Auchincloss Amy H, Diez Roux Ana V, Brown Daniel G, Raghunathan Trivellore E, Erdmann Christine A
Department of Epidemiology, School of Public Health, University of Michigan, Ann Arbor, Michigan 48104, USA.
Epidemiology. 2007 Jul;18(4):469-78. doi: 10.1097/EDE.0b013e3180646320.

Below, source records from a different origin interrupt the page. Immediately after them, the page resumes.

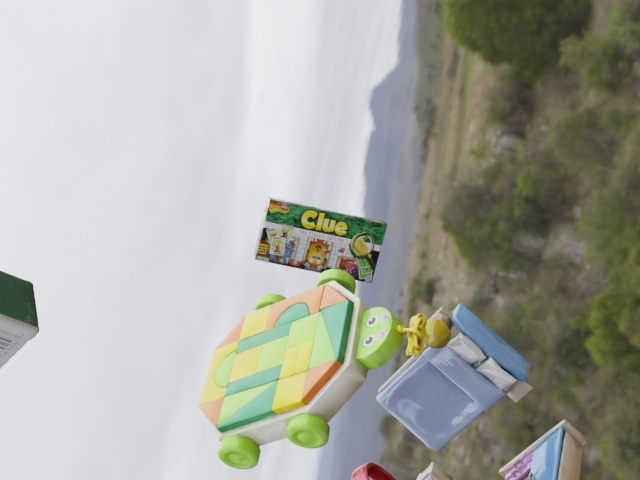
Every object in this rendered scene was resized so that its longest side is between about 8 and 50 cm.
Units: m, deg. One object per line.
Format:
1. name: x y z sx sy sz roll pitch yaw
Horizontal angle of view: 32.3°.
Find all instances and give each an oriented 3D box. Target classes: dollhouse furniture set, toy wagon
1. dollhouse furniture set: 0.178 0.296 1.556 0.286 0.303 0.198 -46 3 27
2. toy wagon: -0.015 0.155 1.481 0.344 0.068 0.267 -23 38 33

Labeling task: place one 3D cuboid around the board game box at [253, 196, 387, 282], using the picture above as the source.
1. board game box: 0.000 0.000 2.313 0.030 0.259 0.136 -131 53 -74

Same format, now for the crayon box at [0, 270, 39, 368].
1. crayon box: -0.511 0.082 1.239 0.203 0.323 0.083 -42 45 22

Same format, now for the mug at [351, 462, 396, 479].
1. mug: 0.103 0.353 1.374 0.169 0.113 0.150 9 -96 -68
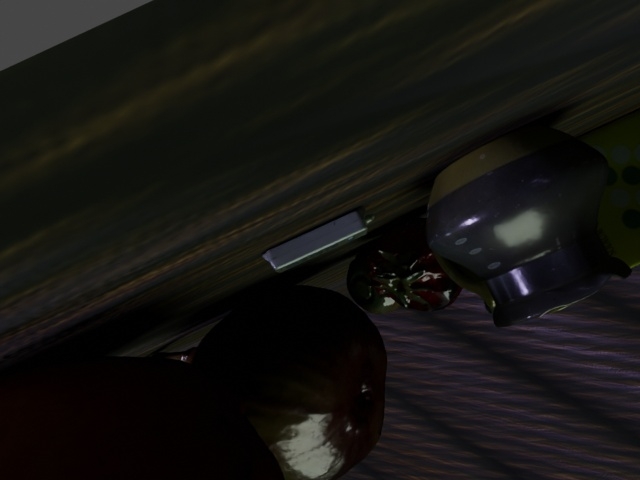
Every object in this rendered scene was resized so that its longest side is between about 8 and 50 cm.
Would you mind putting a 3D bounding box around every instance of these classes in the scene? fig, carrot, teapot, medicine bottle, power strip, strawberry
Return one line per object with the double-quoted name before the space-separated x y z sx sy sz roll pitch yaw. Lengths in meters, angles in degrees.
"fig" -0.091 0.156 0.620 0.321 0.216 0.217 -4 -178 29
"carrot" 0.152 0.007 0.686 0.298 0.078 0.078 -23 172 -35
"teapot" 0.137 -0.004 0.401 0.130 0.119 0.166 -20 171 -24
"medicine bottle" 0.274 -0.028 0.574 0.250 0.137 0.141 -24 172 -4
"power strip" 0.000 0.000 0.386 0.083 0.017 0.027 -24 173 1
"strawberry" 0.099 0.019 0.543 0.106 0.106 0.106 -24 171 -4

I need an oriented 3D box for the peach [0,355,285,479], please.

The measurement of area-level attributes remains a major challenge in studies of neighborhood health effects. Even when neighborhood survey data are collected, they necessarily have incomplete spatial coverage. We investigated whether interpolation of neighborhood survey data was aided by information on spatial dependencies and supplementary data. Neighborhood "availability of healthy foods" was measured in a population-based survey of 5186 persons in Baltimore, New York, and Forsyth County (North Carolina). The following supplementary data were compiled from Census 2000 and InfoUSA, Inc.: distance to supermarkets, density of supermarkets and fruit and vegetable stores, housing density, distance to a high-income area, and percent of households that do not own a vehicle. We compared 4 interpolation models (ordinary least squares, residual kriging, spatial error regression, and thin-plate splines) using error statistics and Pearson correlation coefficients (r) from repeated replications of cross-validations. There was positive spatial autocorrelation in neighborhood availability of healthy foods (by site, Moran coefficient range = 0.10-0.28; all P<0.0001). Prediction performances were generally similar for the evaluated models (r approximately 0.35 for Baltimore and Forsyth; r approximately 0.54 for New York). Supplementary data accounted for much of the spatial autocorrelation and, thus, spatial modeling was only advantageous when spatial correlation was at least moderate. A variety of interpolation techniques will likely need to be utilized in order to increase the data available for examining health effects of residential environments. The most appropriate method will vary depending on the construct of interest, availability of relevant supplementary data, and types of observed spatial patterns.
在邻里健康影响研究中,区域层面属性的测量仍是一项重大挑战。即便收集了邻里调查数据,其空间覆盖范围也必然不完整。我们研究了邻里调查数据的插值是否借助了空间依赖性信息和补充数据。在对巴尔的摩、纽约和福赛斯县(北卡罗来纳州)的5186人进行的一项基于人群的调查中,测量了邻里“健康食品的可及性”。从2000年人口普查和InfoUSA公司汇编了以下补充数据:到超市的距离、超市及果蔬店的密度、住房密度、到高收入地区的距离以及无车家庭的百分比。我们使用交叉验证重复复制的误差统计和皮尔逊相关系数(r)比较了4种插值模型(普通最小二乘法、残差克里金法、空间误差回归法和薄板样条法)。邻里健康食品可及性存在正空间自相关(按地点,莫兰系数范围 = 0.10 - 0.28;所有P < 0.0001)。评估模型的预测性能总体相似(巴尔的摩和福赛斯的r约为0.35;纽约的r约为0.54)。补充数据解释了大部分空间自相关,因此,只有当空间相关性至少为中等时,空间建模才具有优势。为了增加可用于研究居住环境健康影响的数据,可能需要采用多种插值技术。最合适的方法将因感兴趣的结构、相关补充数据的可及性以及观察到的空间模式类型而异。